D'Orso is passionate in his desire to awaken the world community to the disaster that is taking place before the islands have been totally destroyed. His forecast is bleak, but his message, and his book, are strong. Mary Whipple
"These islands were simply not made for people," D'Orso writes, but he has interviewed a lot of them for this book to portray humans that are making a go of it anyway. Some of them are eccentric, some admirable, but the islands are few, and have desirable properties, and surpassing written law, the law of supply and demand holds sway (just as Darwin knew). Humans have a poor record of improving the lands they have inhabited everywhere, but D'Orso is withering in particular scorn for the corrupt Ecuadorian government, colloquially called "Absurdistan." Such an environment only encourages people to grab any profits they can, and makes impossible long range planning for conserving the islands' resources. Global agencies are reluctant to invest as they can predict how little money would make it to environmental improvement. There has been a proposal that the Galapagos should be under UN trusteeship; after all, it is one of those sites that requires little imagination to view as belonging to the heritage of all humans. From time to time someone suggests banning tourism. Neither proposal is likely to impress those who are currently gaining incomes from things as they stand.
D'Orso's book brings an important problem to light.

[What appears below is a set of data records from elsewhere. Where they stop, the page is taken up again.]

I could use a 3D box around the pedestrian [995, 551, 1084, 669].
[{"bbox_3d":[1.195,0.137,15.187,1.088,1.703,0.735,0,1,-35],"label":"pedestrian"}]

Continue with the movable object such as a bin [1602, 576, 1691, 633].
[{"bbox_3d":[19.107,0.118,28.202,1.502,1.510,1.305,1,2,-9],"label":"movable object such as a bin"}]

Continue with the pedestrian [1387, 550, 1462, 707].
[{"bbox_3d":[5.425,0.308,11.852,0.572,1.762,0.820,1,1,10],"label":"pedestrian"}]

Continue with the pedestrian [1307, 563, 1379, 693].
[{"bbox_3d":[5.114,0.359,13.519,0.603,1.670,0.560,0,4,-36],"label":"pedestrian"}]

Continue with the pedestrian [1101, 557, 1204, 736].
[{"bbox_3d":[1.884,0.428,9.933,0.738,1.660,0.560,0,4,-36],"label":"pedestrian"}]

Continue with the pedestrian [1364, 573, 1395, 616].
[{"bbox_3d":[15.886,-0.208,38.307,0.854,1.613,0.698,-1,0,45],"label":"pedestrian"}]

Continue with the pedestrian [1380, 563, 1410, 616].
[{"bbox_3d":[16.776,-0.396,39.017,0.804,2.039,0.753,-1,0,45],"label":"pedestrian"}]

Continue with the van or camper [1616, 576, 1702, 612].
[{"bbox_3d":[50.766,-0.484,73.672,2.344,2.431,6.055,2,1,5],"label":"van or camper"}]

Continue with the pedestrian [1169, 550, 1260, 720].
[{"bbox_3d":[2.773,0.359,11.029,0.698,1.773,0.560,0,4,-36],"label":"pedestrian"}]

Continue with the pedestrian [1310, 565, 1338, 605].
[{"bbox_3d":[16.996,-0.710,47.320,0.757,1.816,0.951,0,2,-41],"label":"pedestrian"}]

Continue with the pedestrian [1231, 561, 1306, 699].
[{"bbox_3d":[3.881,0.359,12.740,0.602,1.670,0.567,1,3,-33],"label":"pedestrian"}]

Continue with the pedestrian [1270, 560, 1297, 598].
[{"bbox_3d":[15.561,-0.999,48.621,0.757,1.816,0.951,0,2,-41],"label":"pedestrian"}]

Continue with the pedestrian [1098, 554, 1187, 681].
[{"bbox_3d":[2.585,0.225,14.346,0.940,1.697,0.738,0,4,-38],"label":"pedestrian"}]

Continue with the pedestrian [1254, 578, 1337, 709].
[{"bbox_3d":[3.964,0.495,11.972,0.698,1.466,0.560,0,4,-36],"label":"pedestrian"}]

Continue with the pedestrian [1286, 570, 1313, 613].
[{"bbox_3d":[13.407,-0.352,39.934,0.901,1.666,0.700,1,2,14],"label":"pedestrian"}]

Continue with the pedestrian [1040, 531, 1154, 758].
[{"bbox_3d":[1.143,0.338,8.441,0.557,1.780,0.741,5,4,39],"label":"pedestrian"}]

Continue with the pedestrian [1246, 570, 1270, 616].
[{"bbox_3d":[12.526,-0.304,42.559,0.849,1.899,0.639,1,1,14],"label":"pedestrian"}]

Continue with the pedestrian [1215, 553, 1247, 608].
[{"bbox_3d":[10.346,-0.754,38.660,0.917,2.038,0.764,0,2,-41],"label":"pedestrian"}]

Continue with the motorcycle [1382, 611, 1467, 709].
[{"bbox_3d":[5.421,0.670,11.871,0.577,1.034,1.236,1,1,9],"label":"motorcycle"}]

It is written as an entertaining profile of different members of the human species who have washed ashore on Galapagos. There are the ex-hippie who has run a hotel there for thirty-five years, the German recluse, the park ranger who endangers himself by hunting poachers, the charmingly corrupt mayor, the Jehovah's Witness naturalist guide, and more. In describing their activities, he has given a human profile to the islands. It is a sad look, nonetheless. Market forces are no way to run an ecosystem.